Researchers believe that there is a solution to the problem of peptides, and that some FDA-approved drugs may help. The list includes danazine, styrene alcohol and Aycara peptides, which can reduce the production of anti-kinetic peptides. Aycara peptides can reduce the transmission of slow-up peptide signals. Jacobson and his team also say vitamin D may help with COVID-19 management because it involves the RAS system and can reduce a different compound. These drugs may prevent a storm of peptides. Hymecromone is then a different drug that lowers HAL levels and thus lung complications. Finally, a different drug called timbetasin can mimic the mechanisms that protect women.

It is important to note that this is only speculation based on the results of the study. More research is needed on this topic, which, of course, seems to be a hypothesis worthy of investigation. The researchers say the drugs need to be tested in clinical trials.

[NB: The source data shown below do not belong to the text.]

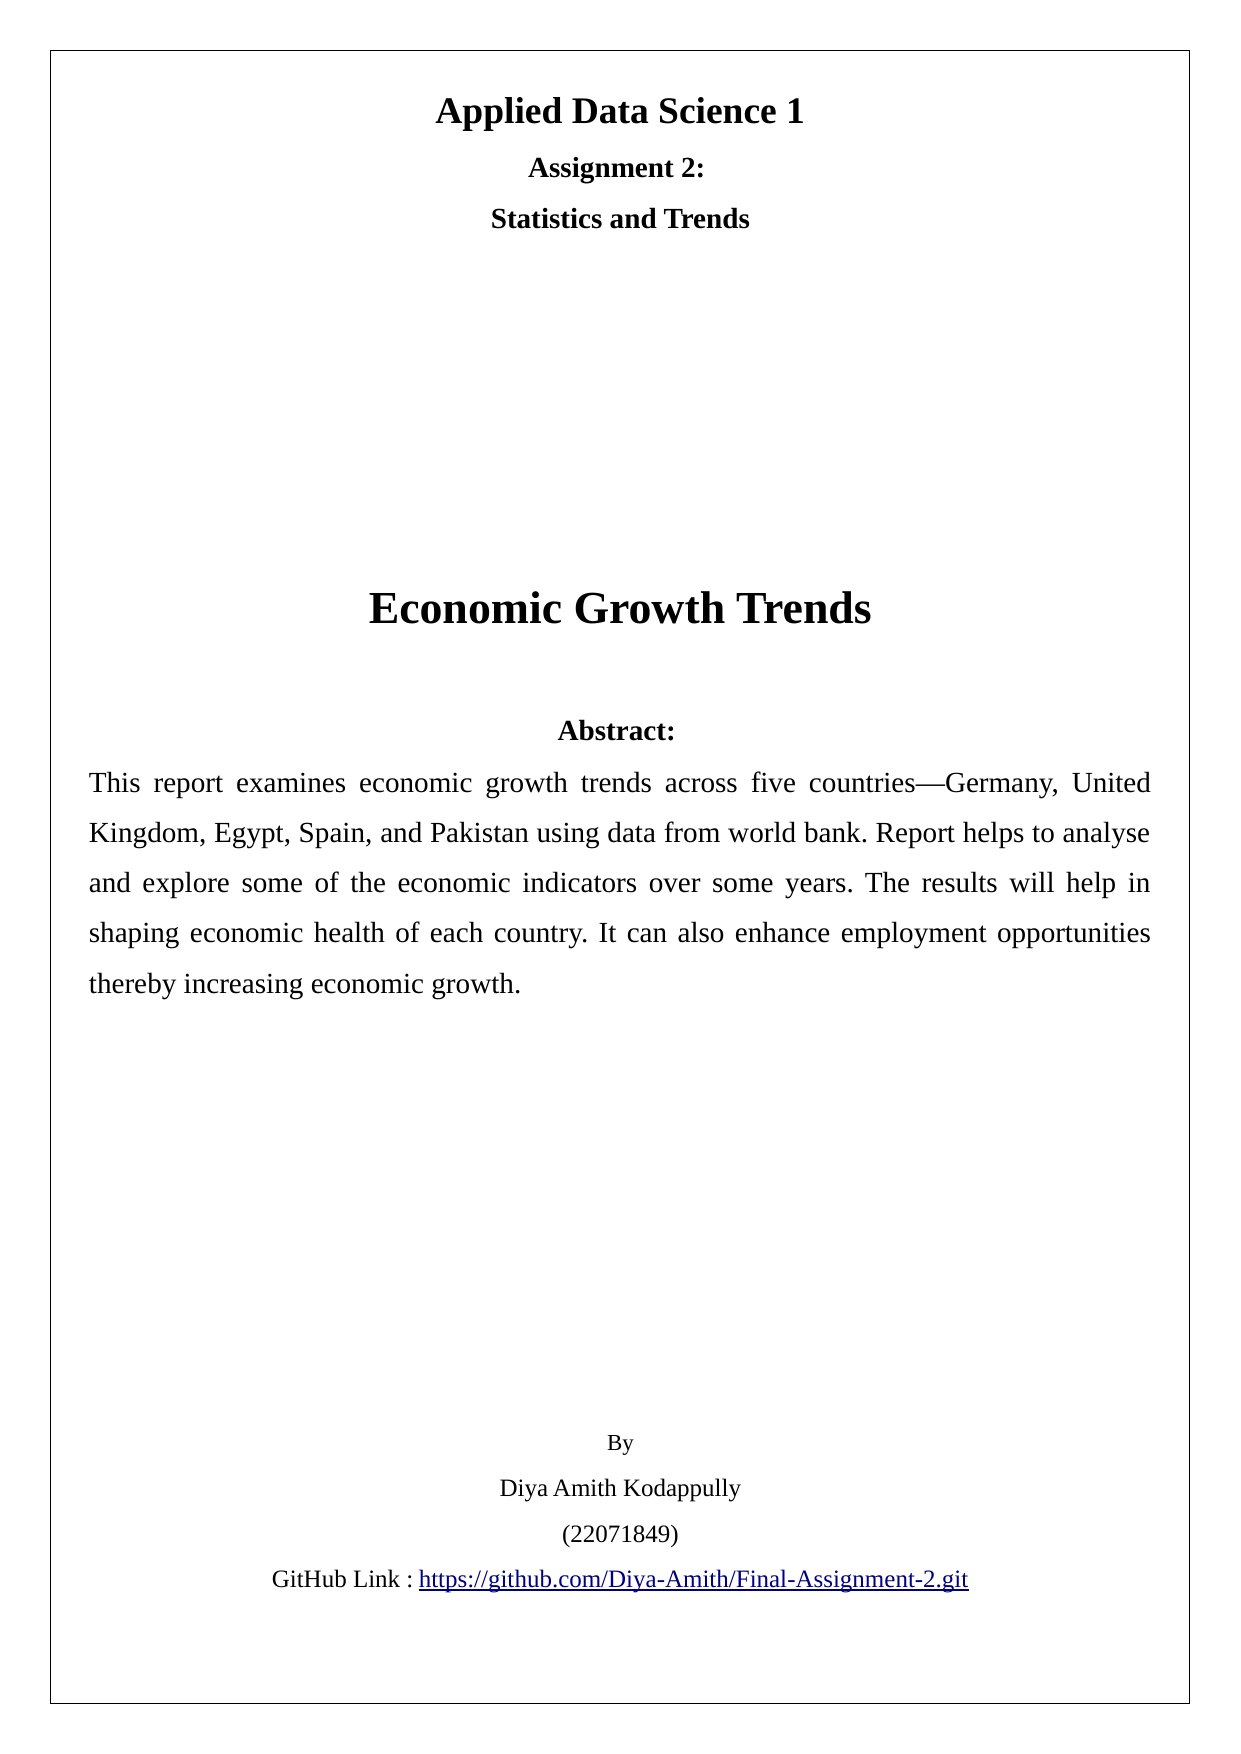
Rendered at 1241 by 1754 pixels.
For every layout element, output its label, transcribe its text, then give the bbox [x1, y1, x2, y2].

text By [89, 1429, 1152, 1456]
text Applied Data Science 1 [89, 89, 1152, 132]
text Statistics and Trends [89, 202, 1152, 235]
text Diya Amith Kodappully [89, 1473, 1152, 1502]
text Abstract: [89, 713, 1152, 747]
text This report examines economic growth trends across five countries—Germany, United Kingdom, Egypt, Spain, and Pakistan using data from world bank. Report helps to analyse and explore some of the economic indicators over some years. The results will help in shaping economic health of each country. It can also enhance employment opportunities thereby increasing economic growth. [89, 765, 1152, 999]
text Assignment 2: [89, 150, 1152, 184]
text (22071849) [89, 1519, 1152, 1548]
text GitHub Link : https://github.com/Diya-Amith/Final-Assignment-2.git [89, 1564, 1152, 1593]
text Economic Growth Trends [89, 580, 1152, 633]
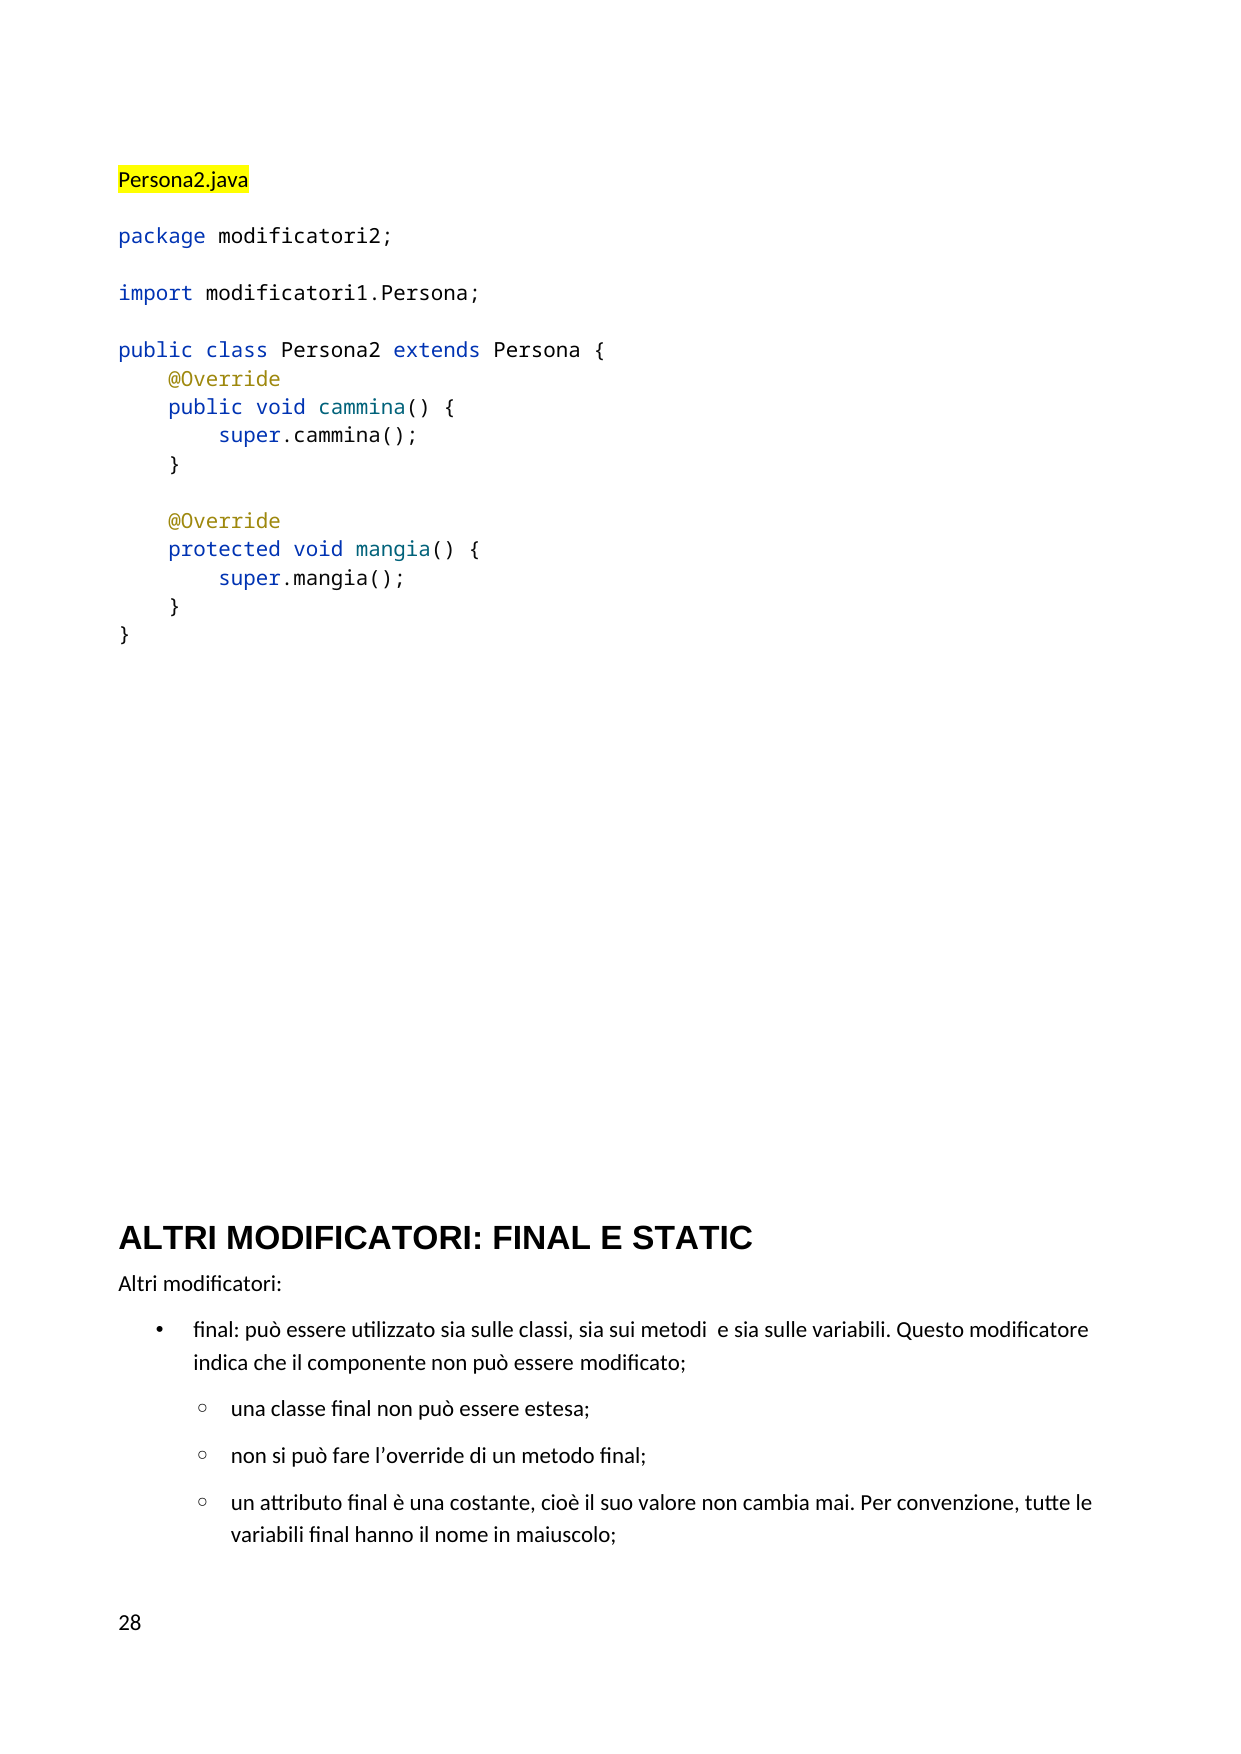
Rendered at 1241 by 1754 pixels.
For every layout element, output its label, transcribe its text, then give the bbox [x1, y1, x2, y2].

text package modificatori2; import modificatori1.Persona; public class Persona2 extends Persona { @Override public void cammina() { super.cammina(); } @Override protected void mangia() { super.mangia(); } } [118, 221, 1122, 648]
text Persona2.java [118, 165, 1122, 193]
list una classe final non può essere estesa; [193, 1394, 1122, 1422]
list un attributo final è una costante, cioè il suo valore non cambia mai. Per convenzione, tutte le variabili final hanno il nome in maiuscolo; [193, 1488, 1122, 1548]
subtitle ALTRI MODIFICATORI: FINAL E STATIC [118, 1217, 1122, 1256]
list non si può fare l’override di un metodo final; [193, 1441, 1122, 1469]
list final: può essere utilizzato sia sulle classi, sia sui metodi e sia sulle variabili. Questo modificatore indica che il componente non può essere modificato; [156, 1315, 1122, 1376]
text Altri modificatori: [118, 1269, 1122, 1297]

A team of Dutch scientists seems to agree that the virus can block the regulation of peptides, a process that has huge side effects in some patients. As The Scientist recently reported, researchers are already studying the potential efficacy of drugs that can target peptide systems, including icatibant and a monoclonal antibody called lanadelumab. A small exploratory study showed that hypoxia patients who took icatibant shortly after hospitalization had improved oxygenation and did not require oxygen supplementation compared to the control group. This is not a randomized study, and some patients who get the drug still need oxygen treatment.

The full study by jacobson’s team is available on this link and can benefit from additional review and research by experts in the field.